Data scientists are in high demand these days. Everyone seems to be hiring a team of data scientists, yet many are still not quite sure what data science is all about, and what skill set they need to look for in a data scientist to build a stellar Hadoop data science team. We at Hortonworks believe data science is an evolving discipline that will continue to grow in demand in the coming years, especially with the growth of Hadoop adoption. This role requires experience and knowledge in math, statistics and machine learning, programming and scripting, as well as visualization techniques.
We tend to think of the data scientist role as a continuum of skills:
Software engineers really enjoy crafting new production-grade software systems, that are testable and maintainable, secure and scale well. Some of those software engineers specialize in working with data. They tend to be highly skilled in technologies like SQL, Hadoop, HIVE/PIG and Map-reduce, and excel at building production quality data pipelines.

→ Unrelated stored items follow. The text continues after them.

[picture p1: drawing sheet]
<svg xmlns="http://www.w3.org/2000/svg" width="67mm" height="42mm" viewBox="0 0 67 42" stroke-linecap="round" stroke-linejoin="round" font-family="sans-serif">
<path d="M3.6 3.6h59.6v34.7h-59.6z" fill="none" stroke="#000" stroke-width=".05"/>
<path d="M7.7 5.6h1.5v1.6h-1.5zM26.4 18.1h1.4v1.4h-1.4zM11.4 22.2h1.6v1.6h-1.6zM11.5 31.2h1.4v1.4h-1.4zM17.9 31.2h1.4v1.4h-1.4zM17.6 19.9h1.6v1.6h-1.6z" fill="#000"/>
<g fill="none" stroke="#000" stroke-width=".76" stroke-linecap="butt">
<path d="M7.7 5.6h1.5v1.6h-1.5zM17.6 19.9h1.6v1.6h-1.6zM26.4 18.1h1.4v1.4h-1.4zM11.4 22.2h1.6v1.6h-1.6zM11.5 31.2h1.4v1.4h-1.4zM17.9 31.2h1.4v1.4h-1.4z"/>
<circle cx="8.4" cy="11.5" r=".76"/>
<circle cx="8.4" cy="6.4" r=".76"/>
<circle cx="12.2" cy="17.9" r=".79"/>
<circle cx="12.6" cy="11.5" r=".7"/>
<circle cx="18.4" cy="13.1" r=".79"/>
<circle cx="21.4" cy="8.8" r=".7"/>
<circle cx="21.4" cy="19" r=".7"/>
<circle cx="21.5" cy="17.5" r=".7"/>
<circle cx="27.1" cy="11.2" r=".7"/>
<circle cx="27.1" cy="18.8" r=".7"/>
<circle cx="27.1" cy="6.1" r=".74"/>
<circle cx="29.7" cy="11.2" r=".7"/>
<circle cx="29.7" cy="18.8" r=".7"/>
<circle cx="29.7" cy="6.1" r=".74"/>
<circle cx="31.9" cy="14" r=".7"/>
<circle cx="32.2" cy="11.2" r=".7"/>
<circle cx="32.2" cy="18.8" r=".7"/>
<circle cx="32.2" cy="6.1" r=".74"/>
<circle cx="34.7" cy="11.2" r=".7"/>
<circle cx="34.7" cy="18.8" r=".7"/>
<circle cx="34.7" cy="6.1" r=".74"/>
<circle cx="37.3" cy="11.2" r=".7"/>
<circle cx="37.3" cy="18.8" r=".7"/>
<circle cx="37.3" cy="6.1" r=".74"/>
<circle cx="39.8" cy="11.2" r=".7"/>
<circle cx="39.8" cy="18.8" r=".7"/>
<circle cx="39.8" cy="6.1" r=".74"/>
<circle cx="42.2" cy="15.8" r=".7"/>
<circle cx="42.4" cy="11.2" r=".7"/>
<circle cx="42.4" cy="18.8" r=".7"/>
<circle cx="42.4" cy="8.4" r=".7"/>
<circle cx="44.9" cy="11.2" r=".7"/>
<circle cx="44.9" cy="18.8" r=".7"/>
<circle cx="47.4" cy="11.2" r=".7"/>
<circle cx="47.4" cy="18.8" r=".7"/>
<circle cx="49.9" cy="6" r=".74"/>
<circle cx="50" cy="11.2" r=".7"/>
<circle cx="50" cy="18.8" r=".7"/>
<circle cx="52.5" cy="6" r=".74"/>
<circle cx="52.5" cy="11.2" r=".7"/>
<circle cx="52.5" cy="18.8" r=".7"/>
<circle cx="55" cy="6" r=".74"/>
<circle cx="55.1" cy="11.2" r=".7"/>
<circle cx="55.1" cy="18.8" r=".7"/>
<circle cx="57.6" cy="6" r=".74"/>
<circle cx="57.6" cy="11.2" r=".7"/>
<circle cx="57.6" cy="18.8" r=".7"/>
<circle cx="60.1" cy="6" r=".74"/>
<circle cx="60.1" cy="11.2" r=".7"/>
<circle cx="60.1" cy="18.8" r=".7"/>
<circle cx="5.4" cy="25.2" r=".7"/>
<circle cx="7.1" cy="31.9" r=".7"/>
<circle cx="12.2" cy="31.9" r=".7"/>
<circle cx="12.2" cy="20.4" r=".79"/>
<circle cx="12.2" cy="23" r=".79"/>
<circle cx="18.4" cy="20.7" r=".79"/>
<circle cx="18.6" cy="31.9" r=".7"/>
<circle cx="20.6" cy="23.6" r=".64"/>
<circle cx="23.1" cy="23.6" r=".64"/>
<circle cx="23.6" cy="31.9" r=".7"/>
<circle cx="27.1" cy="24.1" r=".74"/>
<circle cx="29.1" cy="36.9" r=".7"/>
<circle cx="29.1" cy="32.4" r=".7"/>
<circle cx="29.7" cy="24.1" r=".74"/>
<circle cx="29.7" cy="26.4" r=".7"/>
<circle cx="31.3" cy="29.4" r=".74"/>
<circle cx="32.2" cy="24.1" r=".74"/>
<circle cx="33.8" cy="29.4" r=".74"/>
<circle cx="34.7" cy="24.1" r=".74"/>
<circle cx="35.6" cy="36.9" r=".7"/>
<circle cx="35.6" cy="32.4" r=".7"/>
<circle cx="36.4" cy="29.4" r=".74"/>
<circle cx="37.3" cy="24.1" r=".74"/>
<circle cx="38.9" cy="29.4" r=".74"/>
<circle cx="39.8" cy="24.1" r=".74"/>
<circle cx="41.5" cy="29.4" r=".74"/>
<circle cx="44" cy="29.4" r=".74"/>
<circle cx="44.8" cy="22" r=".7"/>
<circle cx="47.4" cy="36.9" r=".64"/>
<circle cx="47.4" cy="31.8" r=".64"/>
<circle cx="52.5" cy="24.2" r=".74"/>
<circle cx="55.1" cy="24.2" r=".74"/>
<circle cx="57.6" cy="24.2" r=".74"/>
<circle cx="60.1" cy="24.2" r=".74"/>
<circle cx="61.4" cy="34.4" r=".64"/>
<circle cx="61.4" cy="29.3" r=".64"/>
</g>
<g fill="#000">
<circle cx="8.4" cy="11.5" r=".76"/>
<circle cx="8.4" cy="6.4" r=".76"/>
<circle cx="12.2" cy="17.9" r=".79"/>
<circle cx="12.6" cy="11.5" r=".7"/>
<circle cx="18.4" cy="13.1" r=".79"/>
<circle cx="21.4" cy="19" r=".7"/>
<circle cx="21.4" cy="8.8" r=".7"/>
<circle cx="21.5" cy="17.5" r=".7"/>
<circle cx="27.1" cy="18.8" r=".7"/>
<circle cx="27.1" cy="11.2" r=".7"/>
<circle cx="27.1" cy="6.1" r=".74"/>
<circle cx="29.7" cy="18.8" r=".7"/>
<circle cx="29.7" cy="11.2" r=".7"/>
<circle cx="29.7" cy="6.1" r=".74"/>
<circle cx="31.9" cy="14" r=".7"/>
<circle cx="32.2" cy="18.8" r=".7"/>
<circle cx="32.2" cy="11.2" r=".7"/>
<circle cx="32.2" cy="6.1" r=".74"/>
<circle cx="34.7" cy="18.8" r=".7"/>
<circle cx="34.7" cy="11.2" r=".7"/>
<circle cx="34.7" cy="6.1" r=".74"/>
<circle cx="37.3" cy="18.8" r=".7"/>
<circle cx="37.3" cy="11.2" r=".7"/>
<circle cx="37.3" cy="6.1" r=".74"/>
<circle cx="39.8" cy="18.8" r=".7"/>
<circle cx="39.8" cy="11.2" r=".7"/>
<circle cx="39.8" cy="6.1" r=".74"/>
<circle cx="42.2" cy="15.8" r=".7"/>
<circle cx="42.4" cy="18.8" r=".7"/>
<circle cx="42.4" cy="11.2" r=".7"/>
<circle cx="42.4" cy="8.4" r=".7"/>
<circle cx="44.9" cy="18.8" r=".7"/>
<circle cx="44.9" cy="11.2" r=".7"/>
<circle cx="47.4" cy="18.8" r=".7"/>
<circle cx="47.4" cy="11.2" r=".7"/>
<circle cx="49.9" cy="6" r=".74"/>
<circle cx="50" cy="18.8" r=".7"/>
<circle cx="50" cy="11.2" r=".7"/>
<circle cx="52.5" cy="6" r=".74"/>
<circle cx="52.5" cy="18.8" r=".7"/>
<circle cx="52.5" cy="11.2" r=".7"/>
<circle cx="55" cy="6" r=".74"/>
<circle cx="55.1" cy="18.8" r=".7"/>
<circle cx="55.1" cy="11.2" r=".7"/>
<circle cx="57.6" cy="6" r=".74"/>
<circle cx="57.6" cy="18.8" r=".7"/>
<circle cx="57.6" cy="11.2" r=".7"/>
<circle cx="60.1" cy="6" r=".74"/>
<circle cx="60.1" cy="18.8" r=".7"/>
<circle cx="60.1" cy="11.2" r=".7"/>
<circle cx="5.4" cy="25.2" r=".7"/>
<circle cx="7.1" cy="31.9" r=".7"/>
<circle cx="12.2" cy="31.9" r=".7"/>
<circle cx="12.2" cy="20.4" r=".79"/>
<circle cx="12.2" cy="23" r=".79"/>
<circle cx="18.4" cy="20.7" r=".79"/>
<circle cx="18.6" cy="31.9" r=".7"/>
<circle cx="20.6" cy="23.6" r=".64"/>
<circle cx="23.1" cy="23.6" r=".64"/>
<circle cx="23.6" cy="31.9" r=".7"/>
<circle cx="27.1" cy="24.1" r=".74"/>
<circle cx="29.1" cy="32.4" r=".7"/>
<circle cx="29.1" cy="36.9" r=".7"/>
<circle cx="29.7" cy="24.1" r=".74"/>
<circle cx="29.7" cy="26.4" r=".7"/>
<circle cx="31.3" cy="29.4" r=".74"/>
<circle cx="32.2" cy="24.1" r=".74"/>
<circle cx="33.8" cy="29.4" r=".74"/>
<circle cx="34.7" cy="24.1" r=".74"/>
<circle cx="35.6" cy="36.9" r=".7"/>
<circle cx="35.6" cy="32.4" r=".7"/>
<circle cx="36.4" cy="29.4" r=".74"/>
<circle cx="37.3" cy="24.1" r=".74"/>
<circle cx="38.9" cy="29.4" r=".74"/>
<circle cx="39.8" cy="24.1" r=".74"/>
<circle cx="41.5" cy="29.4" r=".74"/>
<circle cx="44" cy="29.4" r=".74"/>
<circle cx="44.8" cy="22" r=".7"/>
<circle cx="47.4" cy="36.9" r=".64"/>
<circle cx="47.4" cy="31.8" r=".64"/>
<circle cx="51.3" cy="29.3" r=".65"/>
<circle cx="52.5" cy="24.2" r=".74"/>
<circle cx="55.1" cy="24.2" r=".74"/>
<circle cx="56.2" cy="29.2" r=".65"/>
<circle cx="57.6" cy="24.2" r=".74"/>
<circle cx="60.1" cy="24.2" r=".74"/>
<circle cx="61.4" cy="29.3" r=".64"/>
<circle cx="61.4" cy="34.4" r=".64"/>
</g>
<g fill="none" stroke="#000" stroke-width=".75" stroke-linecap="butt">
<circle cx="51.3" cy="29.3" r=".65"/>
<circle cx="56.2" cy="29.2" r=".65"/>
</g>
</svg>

We call those “data engineers”.
Research scientists focus on academic research in machine learning and statistical techniques, creating brand new algorithms like support vector machines and deep learning, and prove theoretical properties of such algorithms. Applied scientists are those research scientists who thrive on solving real world problems with real data. They are very good at applying state-of-the-art algorithms and techniques to real world data.
The data scientist role combines the skill set and experience of a data engineer with that of the applied scientist. It is quite difficult to find good data scientists, because the combination of all these skills and interests are rarely found in a single person.“Okay, okay, I understand it’s hard to find good data scientists”, you may say, “but I still need to complete my data projects, what should I do?” One option might be to train data engineers to be experts in math, statistics and applied science. Or maybe hire applied scientists and train them to be good software engineers. In my experience that approach has limited success, because good software engineers may not be as good in applied science, or may not be interested to shift their career in that direction. And vice versa.
Instead, simply build a Hadoop data science team that combines data engineers and applied scientists, working in tandem to build your data products. Back when I was at Yahoo!, that’s exactly the structure we had: applied scientists working together with data engineers to build large-scale computational advertising systems.